Mobile ground robots require perceiving and understanding their surrounding support surface to move around autonomously and safely. The support surface is commonly estimated based on exteroceptive depth measurements, e.g., from LiDARs. However, the measured depth fails to align with the true support surface in the presence of high grass or other penetrable vegetation. In this work, we present the Semantic Pointcloud Filter (SPF), a Convolutional Neural Network (CNN) that learns to adjust LiDAR measurements to align with the underlying support surface. The SPF is trained in a semi-self-supervised manner and takes as an input a LiDAR pointcloud and RGB image. The network predicts a binary segmentation mask that identifies the specific points requiring adjustment, along with estimating their corresponding depth values. To train the segmentation task, 300 distinct images are manually labeled into rigid and non-rigid terrain. The depth estimation task is trained in a self-supervised manner by utilizing the future footholds of the robot to estimate the support surface based on a Gaussian process.

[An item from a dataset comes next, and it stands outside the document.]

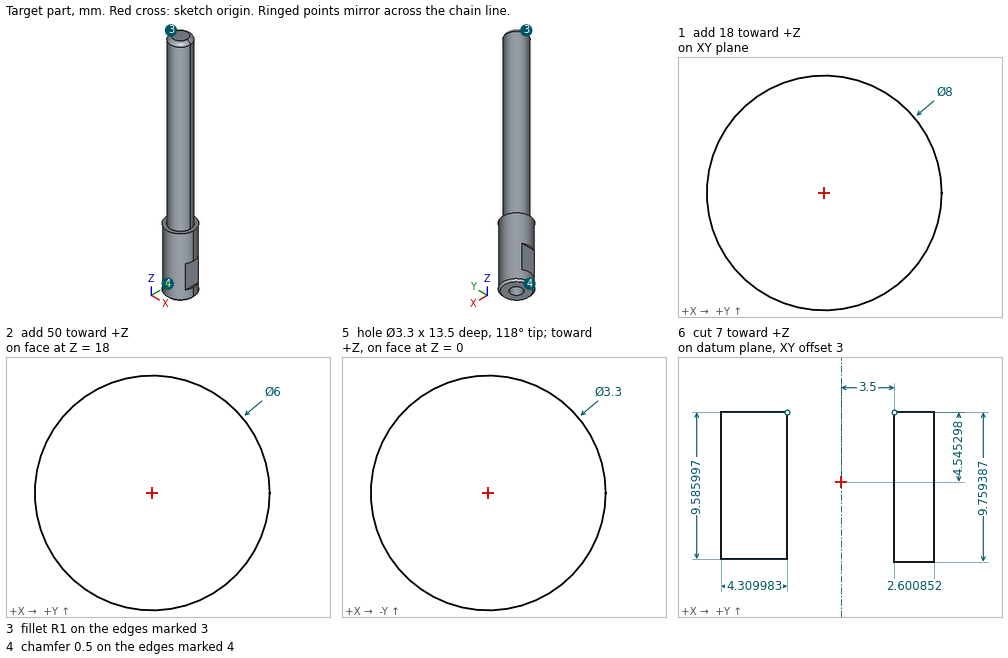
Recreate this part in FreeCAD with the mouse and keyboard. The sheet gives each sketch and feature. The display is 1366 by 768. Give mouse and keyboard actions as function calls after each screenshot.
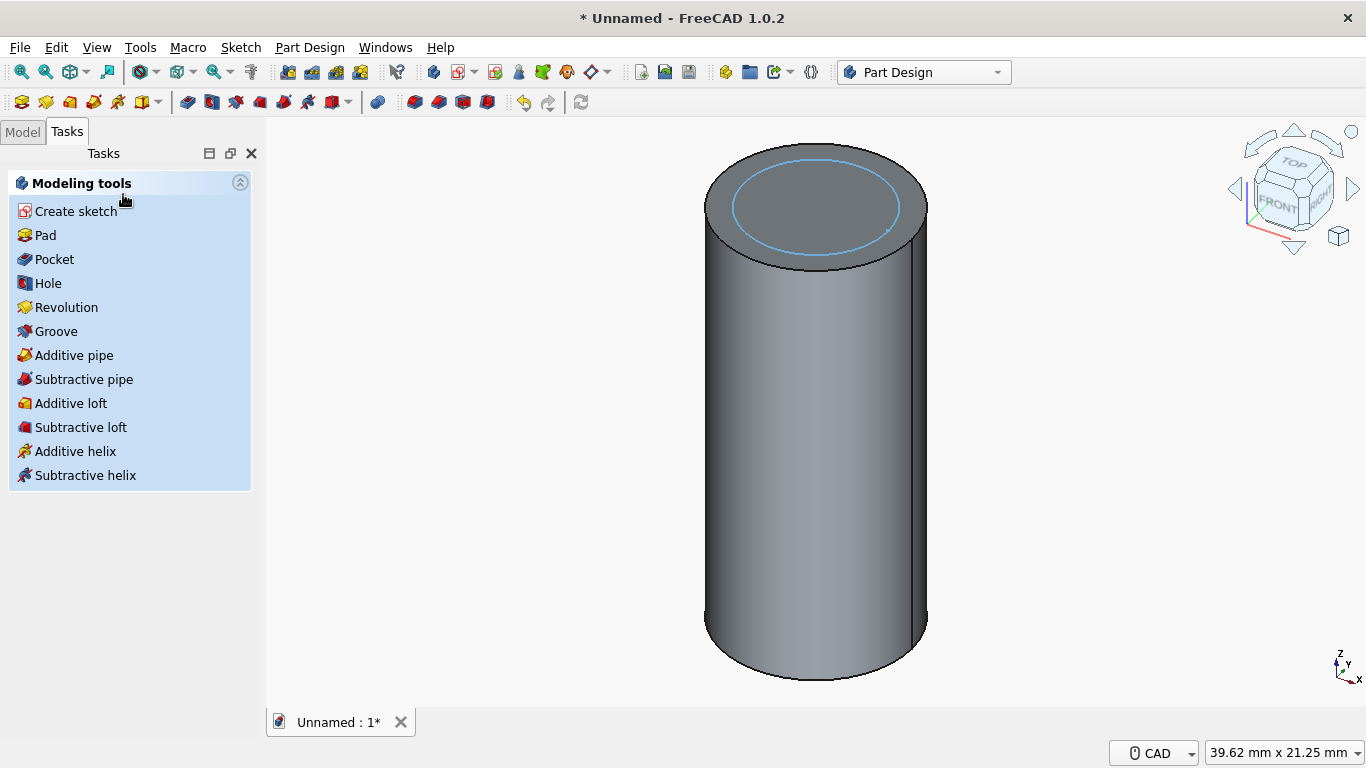
click(22, 102)
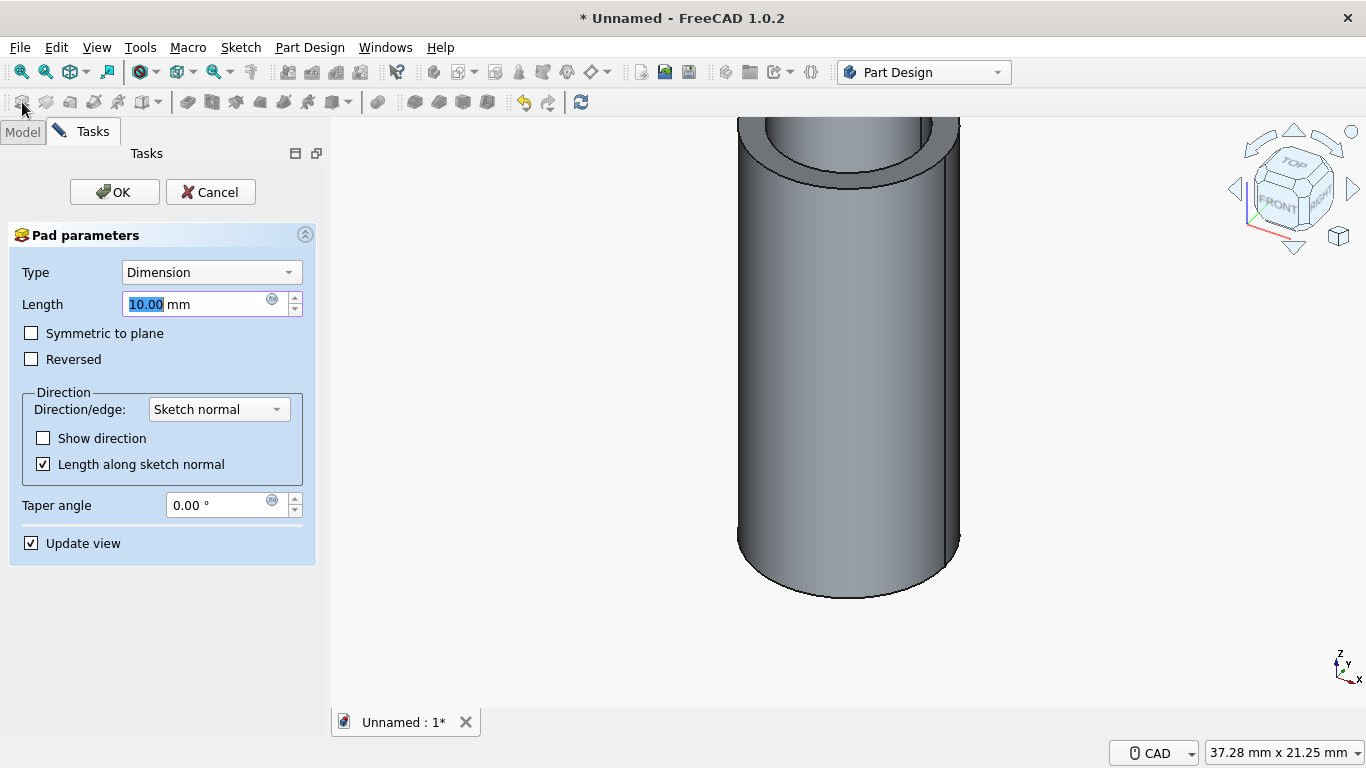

Our method can correctly adjust the support surface prior to interacting with the terrain and is extensively tested on the quadruped robot ANYmal. We show the qualitative benefits of SPF in natural environments for elevation mapping and traversability estimation compared to using raw sensor measurements and existing smoothing methods. Quantitative analysis is performed in various natural environments, and an improvement by 48% RMSE is achieved within a meadow terrain.